Now at the Navy Federal Credit Union office where Louis works, he is known as a bit of a jokester who plays practical jokes on the others in the office. Their supervisor has previously mentioned how Sarah really needs to be included in the office group of games and fun to team build and make her feel like part of the team because evidently she is so shy and reserved.

So Louis goes on to tell all the family and friends about how this girl Sarah Broaddus that he works with called in sick to work, but she was not really sick just heartbroken. The supervisor sent out an email about how Sarah is going to be out for the day, but Louis decided to play a practical joke by altering the email message and snapping a picture to send to Sarah. In this email he played with he put in a part about how employees pretending to be sick but the boss knows. He makes it go on about how employees are going to suffer consequences for playing sick when they are not really sick.

He knows Sarah is playing hooky because her bestie KKBFF is in contact with her via texting. So figuring Sarah being the up-tight religious girl that she is, he tells KKBFF to not let the joke go on for too long but to let Sarah know it is a joke before she freaks out. They send this joke mail to Sarah, and she freaks before KKBFF can tell her that it was a joke. Sarah ends up calling the supervisor all upset and worried.

Now when I recalled this particular story, I asked Louis if his new girlfriend that he dumped me (his wife of 14 years and mother of 2 of his children) is the same Sarah he told me about whose boyfriend ran off and left her to become a priest. He confirmed it was indeed. This baffles me.

So I talked to my best friend about it. I told her that evidently this Sarah who stole my husband is the same twit who was dumped by her fiancée to become a priest. That I remember Louis played a joke on her. At which point, Jenn interrupted me to exclaim, “O my God! I remember that story. Louis told us that story when I was there for your birthday. That is who he left you for? He talked about her as if she was such a ding bat ditz. What the hell! Why would he leave you for someone he made fun of like he did back in March?”

So I am thinking and thinking about his various comments over the past year when I realized, she turned her back on her faith. I remember more recent conversations in which he emphasizes “formerly religious” as if she has turned her back on her faith totally and completely. This would attract Louis as when he and I met he was all about how he was agnostic because while he believed in a higher power, he was not sure which religious group if any had the truth of the higher power. However, over the years, he became more and more atheistic. As time passed in our relationship, he began to put down and mock any religious group he came into contact with. In fact, his anti-religion got so bad that I had to put my foot down about not discussing religion because he would become out right offensive toward me for my own beliefs in God. As far as he was concerned all organized religion was just evil. He would disrespect my right to my own beliefs and hurt my feelings with his hatred of organized religion rather than be willing to accept that I had faith despite his constantly berating of my beliefs.

So of course when a good little Catholic girl gets dumped by her religious fiancée, he mocked it, then when she was easily led away from her faith into the non-belief side of religion, he would be there to guide her on the path to freedom from religious belief.
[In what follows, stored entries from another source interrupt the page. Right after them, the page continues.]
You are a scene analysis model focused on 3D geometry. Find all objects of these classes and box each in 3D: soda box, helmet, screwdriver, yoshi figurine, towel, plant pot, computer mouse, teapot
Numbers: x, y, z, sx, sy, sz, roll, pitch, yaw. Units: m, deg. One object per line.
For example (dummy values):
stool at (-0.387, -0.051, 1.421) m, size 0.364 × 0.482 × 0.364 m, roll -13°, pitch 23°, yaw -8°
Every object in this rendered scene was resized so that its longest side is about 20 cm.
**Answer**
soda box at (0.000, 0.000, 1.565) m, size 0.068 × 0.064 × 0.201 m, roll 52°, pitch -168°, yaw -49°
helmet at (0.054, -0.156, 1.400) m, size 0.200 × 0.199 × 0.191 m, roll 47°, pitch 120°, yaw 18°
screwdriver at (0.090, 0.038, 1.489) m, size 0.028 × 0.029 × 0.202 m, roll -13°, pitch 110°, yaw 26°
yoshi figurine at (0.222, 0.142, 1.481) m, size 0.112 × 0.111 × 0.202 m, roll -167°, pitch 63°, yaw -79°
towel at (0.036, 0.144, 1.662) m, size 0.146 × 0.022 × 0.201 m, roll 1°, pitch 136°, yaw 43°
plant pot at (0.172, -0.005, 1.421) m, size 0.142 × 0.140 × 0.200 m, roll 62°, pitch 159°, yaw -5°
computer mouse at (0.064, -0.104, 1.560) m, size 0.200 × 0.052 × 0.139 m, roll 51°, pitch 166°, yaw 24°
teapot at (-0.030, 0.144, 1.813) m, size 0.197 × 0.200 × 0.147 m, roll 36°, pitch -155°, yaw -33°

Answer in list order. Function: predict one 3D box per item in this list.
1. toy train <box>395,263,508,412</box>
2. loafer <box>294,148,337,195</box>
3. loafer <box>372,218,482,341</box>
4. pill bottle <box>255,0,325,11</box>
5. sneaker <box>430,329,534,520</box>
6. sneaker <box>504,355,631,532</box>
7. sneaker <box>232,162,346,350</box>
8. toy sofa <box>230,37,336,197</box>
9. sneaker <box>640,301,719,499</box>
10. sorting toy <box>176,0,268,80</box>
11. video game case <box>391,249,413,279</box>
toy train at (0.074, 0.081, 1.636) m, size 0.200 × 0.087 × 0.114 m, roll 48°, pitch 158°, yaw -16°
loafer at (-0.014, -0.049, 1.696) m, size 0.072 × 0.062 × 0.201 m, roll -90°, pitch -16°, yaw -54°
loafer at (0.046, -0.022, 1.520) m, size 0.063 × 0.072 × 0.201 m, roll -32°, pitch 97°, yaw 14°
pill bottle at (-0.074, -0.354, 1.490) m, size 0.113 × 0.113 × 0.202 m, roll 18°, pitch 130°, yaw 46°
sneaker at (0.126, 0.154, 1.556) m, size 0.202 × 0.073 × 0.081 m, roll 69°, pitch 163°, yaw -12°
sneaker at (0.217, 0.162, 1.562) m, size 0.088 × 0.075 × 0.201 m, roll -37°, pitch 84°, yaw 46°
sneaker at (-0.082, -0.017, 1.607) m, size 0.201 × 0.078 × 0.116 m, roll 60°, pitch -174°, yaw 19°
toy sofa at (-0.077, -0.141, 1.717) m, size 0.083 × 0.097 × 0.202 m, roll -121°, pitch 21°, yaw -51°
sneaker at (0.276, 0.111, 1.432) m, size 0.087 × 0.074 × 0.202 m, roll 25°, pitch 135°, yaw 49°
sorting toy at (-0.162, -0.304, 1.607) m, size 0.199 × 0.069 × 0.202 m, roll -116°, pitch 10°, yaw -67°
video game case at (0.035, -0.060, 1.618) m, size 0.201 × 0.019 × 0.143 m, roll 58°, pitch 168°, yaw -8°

This would also stroke his ego. He always liked to joke about how he could be a cult leader and get his cult to drink the cool-aid. I guess Sarah is his first cult follower.

Obviously, she has self-esteem issues over her fiancée leaving her, while Louis is getting his narcissistic tendencies stroked by her blindly following his guiding her away from religion. Sounds like a match made in heaven or is it hell? I don’t know but I don’t think this is a very healthy relationship in that she is obviously going after a married man just to make herself feel good about losing her fiancée. Does she think she can’t attract a man her own age? Did her fiancée leaving her make her so insecure that she can’t see herself having any chance other than a married man 15 years older than her? Damn that fiancée must have done a real number on her self-esteem.